> _YOUR INSTRUCTIONS_
Scan the material that follows for lines with "What". Answer with how many there are, nothing else.

> _THE DATA_
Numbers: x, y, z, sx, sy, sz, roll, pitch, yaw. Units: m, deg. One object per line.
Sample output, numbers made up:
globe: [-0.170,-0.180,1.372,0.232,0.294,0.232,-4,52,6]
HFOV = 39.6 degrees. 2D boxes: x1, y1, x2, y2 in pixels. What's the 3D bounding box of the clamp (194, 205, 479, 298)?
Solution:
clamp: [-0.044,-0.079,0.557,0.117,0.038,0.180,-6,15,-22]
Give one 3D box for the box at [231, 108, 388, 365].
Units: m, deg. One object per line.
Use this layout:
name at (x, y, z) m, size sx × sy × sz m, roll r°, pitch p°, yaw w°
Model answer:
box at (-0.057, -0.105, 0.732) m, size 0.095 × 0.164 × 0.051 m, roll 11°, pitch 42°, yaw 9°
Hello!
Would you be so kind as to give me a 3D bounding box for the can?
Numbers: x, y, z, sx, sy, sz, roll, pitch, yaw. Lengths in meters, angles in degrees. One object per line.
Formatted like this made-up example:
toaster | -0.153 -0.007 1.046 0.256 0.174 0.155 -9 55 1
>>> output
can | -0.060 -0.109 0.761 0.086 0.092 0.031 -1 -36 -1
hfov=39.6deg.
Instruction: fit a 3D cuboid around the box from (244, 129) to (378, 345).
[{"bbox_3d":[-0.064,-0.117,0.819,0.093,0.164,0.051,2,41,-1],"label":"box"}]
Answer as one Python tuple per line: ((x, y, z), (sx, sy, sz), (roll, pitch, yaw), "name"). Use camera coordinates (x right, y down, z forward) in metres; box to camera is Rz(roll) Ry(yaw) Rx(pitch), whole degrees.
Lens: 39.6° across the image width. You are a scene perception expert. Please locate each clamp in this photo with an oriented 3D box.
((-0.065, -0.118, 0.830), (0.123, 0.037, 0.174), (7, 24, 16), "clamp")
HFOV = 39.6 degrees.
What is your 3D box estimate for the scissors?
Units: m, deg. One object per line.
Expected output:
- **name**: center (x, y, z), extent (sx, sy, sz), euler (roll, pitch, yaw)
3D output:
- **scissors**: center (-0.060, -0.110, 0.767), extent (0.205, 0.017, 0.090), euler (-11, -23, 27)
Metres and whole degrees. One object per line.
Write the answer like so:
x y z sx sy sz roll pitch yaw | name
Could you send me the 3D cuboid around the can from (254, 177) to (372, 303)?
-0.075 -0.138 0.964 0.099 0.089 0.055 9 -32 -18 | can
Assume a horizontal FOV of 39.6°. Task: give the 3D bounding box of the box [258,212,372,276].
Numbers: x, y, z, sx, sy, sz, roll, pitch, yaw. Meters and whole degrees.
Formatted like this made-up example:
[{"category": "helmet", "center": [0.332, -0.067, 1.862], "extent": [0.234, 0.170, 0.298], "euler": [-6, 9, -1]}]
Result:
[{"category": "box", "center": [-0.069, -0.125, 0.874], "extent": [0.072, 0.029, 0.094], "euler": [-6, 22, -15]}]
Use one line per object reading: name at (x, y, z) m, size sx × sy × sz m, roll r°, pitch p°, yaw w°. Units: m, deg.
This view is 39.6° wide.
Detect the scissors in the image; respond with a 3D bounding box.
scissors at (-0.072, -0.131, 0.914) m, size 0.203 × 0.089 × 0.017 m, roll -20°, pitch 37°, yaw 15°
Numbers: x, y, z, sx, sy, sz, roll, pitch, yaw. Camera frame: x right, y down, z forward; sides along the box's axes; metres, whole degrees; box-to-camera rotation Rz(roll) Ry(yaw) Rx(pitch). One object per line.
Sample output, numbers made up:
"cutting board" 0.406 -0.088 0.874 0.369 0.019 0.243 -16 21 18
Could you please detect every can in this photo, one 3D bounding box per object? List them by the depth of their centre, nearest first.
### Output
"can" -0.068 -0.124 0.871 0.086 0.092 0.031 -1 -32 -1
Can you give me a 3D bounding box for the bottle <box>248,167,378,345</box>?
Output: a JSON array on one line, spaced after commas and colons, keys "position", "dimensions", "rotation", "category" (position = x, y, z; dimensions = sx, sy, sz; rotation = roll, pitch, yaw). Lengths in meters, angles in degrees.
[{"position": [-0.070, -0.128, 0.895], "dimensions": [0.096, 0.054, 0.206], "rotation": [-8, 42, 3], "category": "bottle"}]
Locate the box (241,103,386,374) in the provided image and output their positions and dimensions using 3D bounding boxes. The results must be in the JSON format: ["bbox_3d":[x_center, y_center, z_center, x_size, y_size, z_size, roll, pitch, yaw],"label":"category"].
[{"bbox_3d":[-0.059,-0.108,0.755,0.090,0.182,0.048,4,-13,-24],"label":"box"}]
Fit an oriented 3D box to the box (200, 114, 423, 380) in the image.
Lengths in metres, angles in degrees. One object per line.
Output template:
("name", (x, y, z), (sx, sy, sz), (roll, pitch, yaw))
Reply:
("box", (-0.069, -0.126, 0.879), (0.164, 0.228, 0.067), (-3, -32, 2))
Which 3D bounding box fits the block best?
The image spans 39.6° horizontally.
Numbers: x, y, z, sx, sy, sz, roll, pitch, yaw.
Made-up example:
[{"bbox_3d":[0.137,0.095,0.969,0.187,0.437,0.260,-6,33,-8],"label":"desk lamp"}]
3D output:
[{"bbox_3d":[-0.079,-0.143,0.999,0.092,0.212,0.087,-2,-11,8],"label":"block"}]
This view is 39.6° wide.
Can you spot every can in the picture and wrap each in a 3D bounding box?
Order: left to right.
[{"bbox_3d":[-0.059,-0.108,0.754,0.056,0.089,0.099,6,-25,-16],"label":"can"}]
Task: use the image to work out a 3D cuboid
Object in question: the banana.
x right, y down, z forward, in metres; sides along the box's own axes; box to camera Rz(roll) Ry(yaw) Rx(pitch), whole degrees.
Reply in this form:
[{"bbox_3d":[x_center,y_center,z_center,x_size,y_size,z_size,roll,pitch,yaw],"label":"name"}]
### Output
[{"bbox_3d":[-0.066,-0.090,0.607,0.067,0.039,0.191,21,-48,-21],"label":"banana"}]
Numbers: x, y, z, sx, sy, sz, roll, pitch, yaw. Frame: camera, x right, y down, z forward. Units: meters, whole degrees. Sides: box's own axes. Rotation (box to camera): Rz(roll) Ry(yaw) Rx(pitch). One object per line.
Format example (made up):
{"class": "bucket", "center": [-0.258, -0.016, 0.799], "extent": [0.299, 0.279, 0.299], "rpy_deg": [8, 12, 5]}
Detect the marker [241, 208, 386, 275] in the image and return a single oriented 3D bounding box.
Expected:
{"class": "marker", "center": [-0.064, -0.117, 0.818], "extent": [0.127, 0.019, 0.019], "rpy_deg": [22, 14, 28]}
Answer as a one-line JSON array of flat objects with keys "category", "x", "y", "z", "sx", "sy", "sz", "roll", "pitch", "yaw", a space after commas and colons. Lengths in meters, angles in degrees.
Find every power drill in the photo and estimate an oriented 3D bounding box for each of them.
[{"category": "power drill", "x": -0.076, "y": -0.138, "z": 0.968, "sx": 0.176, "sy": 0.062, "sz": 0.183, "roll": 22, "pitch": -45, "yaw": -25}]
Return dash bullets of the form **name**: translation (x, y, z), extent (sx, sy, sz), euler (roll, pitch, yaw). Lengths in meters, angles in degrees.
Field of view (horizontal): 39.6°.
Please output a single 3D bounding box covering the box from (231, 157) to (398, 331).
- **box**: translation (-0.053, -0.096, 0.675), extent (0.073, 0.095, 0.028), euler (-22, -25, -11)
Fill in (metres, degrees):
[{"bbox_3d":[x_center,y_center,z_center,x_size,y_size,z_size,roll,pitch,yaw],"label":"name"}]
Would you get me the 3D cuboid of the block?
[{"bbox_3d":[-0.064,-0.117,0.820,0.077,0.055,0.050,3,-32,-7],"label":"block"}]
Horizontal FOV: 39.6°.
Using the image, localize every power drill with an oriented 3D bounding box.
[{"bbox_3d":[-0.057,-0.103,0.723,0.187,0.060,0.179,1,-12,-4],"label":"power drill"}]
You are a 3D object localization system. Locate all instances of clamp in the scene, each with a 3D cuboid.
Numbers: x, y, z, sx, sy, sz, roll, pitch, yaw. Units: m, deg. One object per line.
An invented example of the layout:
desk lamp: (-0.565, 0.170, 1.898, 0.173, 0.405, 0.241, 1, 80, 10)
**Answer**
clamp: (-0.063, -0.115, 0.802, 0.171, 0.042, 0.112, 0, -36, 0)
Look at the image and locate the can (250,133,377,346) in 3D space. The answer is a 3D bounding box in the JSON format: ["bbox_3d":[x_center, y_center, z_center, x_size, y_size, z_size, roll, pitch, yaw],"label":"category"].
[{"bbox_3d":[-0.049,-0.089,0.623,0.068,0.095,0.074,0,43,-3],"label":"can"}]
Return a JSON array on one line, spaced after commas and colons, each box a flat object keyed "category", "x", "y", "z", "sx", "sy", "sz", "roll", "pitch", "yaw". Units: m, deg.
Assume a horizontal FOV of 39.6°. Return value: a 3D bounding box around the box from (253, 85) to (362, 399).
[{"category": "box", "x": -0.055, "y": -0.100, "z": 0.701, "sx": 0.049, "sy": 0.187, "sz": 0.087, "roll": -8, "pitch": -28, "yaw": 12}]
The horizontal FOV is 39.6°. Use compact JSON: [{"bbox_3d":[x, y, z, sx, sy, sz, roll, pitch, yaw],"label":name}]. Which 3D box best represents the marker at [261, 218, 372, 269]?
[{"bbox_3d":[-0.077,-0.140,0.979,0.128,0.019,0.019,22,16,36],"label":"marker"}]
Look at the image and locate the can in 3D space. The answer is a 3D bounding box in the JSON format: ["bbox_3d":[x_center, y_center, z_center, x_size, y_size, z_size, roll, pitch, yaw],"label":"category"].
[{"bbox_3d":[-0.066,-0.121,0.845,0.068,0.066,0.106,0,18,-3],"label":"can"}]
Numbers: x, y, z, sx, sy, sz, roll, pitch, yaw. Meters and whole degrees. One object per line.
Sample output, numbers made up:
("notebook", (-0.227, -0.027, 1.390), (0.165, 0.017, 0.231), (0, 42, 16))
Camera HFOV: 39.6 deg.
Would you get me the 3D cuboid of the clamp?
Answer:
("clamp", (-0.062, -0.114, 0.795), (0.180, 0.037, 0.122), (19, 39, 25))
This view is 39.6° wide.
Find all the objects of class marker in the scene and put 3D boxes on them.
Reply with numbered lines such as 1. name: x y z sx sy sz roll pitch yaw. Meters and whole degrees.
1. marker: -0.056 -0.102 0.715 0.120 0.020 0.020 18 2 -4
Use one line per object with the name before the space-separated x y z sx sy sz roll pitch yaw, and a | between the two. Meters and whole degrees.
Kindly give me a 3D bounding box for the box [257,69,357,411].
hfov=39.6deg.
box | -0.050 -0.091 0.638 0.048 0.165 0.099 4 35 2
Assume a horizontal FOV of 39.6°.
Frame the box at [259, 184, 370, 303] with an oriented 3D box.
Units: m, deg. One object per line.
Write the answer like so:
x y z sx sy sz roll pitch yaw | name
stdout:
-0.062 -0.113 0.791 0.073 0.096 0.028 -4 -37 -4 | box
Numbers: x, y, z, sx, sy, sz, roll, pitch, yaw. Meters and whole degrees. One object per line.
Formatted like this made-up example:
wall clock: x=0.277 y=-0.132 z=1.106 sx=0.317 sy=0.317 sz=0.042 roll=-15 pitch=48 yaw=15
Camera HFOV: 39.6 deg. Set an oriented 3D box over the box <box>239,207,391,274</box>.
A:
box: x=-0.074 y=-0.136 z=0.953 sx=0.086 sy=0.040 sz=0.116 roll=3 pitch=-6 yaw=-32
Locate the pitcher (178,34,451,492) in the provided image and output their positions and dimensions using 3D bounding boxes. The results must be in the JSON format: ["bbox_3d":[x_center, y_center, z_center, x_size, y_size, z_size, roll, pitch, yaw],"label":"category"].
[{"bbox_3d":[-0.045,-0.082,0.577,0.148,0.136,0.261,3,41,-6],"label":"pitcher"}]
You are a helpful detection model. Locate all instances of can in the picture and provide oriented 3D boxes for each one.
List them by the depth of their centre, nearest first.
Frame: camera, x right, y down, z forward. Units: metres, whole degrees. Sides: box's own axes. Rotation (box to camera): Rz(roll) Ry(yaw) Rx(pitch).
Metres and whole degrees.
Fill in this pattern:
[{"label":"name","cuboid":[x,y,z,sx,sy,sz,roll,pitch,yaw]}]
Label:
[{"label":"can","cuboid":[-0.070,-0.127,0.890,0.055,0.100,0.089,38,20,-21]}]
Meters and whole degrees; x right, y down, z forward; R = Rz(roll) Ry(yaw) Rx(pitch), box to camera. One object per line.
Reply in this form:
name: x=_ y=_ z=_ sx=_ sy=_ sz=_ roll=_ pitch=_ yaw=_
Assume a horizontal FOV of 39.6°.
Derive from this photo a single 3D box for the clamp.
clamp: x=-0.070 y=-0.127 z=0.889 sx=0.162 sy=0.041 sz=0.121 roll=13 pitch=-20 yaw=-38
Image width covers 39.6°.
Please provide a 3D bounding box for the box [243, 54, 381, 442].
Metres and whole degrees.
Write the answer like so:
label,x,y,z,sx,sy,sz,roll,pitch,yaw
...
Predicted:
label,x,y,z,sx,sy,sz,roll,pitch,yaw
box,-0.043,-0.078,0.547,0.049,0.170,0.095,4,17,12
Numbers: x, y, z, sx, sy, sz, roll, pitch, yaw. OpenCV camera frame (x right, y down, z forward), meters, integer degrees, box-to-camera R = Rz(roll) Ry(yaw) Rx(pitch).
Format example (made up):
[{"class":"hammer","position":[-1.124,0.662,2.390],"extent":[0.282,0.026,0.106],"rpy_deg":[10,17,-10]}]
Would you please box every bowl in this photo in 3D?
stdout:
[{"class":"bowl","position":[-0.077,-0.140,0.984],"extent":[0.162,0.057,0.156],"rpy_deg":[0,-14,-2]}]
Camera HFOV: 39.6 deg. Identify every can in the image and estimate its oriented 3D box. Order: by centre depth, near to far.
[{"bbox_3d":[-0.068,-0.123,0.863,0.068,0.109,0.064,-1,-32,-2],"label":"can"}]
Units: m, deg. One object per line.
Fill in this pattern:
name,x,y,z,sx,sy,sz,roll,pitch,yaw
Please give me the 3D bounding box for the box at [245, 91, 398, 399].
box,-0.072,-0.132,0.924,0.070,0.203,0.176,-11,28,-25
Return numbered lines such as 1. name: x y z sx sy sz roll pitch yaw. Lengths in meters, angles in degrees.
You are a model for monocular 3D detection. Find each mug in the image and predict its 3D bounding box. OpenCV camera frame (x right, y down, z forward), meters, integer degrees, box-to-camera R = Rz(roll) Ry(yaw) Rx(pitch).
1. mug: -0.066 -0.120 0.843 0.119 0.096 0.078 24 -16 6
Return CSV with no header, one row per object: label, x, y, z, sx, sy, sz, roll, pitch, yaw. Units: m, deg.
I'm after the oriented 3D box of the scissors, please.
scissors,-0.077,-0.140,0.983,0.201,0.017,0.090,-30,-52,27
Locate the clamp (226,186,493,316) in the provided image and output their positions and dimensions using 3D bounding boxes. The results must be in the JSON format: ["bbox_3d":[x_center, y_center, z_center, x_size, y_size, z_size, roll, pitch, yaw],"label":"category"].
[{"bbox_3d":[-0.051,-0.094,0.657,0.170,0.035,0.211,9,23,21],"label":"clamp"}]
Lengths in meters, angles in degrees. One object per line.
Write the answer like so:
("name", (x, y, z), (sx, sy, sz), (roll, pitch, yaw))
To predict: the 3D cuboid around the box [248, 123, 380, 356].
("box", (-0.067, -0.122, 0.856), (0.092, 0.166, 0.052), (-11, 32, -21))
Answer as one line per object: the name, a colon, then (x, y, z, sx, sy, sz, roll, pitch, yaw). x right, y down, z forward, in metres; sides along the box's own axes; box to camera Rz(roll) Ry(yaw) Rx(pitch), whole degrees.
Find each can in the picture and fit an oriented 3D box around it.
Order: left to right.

> _ANSWER SPACE_
2